Shares of Scientific Games (NASDAQ:SGMS) are soaring 10.7% this week after the gaming and lottery technology leader publicized metrics related to the lottery business it's considering for divestiture.
While the decision to divest the SG Lottery business has been known for some time, the metrics Scientific Games released Tuesday surrounding projected revenue growth and adjusted EBITDA were ahead of analyst expectations.
The gaming technology specialist said the segment's revenue is forecast to grow at a two-year compounded annual growth rate of 13.6% to fiscal 2022. Instant lottery participation-based revenue growth is estimated to be 14% in the U.S. and 23% internationally for fiscal 2021, while revenue growth of instant lottery price per thousand tickets is estimated to be 28% internationally for the year.
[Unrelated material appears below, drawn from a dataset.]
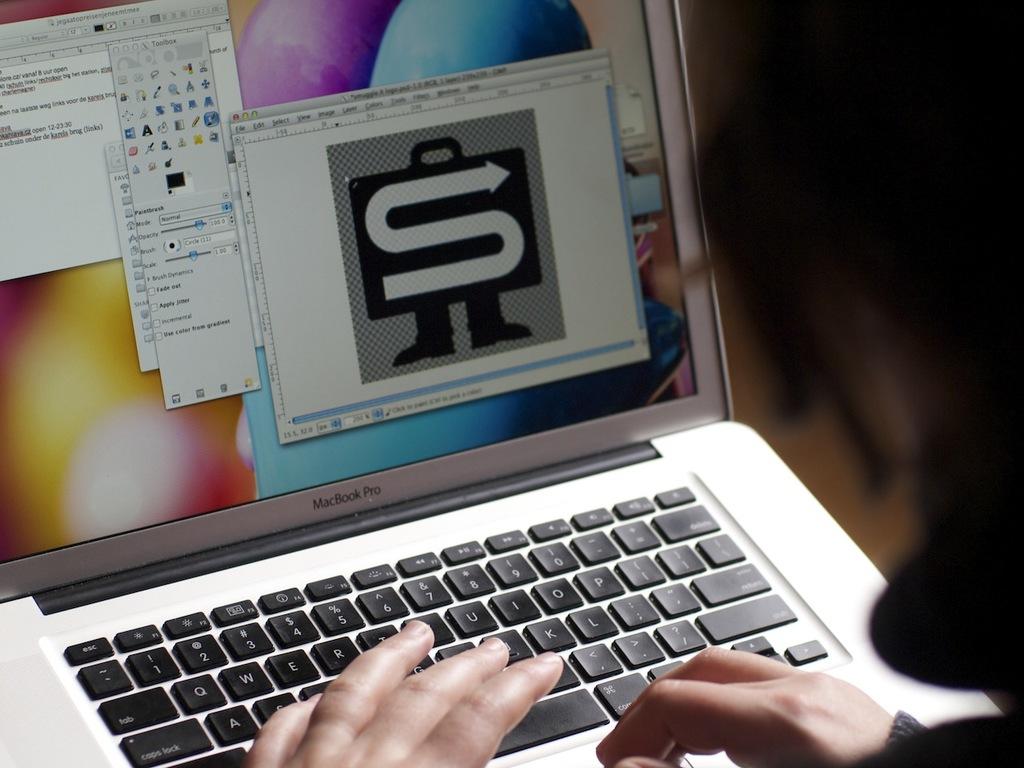What letter does the picture on the computer screen resemble?
Offer a terse response. S. 
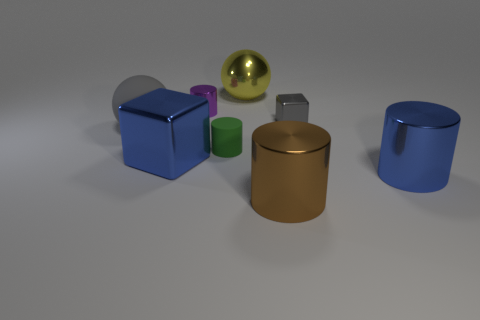Subtract all brown spheres. Subtract all cyan cylinders. How many spheres are left? 2 Add 1 red metallic cylinders. How many objects exist? 9 Subtract all spheres. How many objects are left? 6 Add 2 purple shiny cylinders. How many purple shiny cylinders exist? 3 Subtract 1 blue cylinders. How many objects are left? 7 Subtract all tiny gray metal spheres. Subtract all rubber things. How many objects are left? 6 Add 8 big yellow things. How many big yellow things are left? 9 
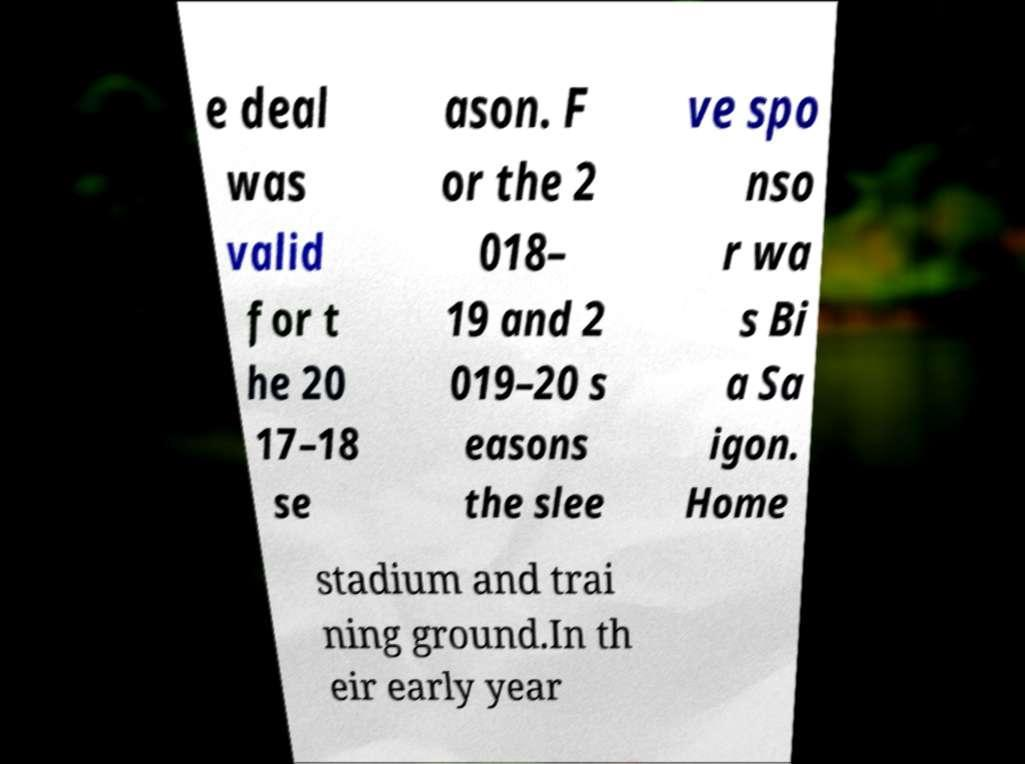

Italy alone will be responsible for 36% of the European revenue growth that will be recorded.
North America provided approximately 73% of revenue in fiscal 2020 while Europe represented 24%. Adjusted EBITDA is forecast to rise 31% in fiscal 2021 though slow to 7% in fiscal 2022.
The information was being disclosed to potential buyers of the business, and because of the outperformance the unit is showing, the market apparently believes Scientific Games might be able to fetch a higher price for the business.
Truist Financial analyst Barry Jonas reiterated his buy recommendation on the entertainment technology stock as a result of the disclosure, telling investors in a note the SG Lottery division could enjoy significant upside in its double-digit multiple compared with the valuation of rival International Game Technology.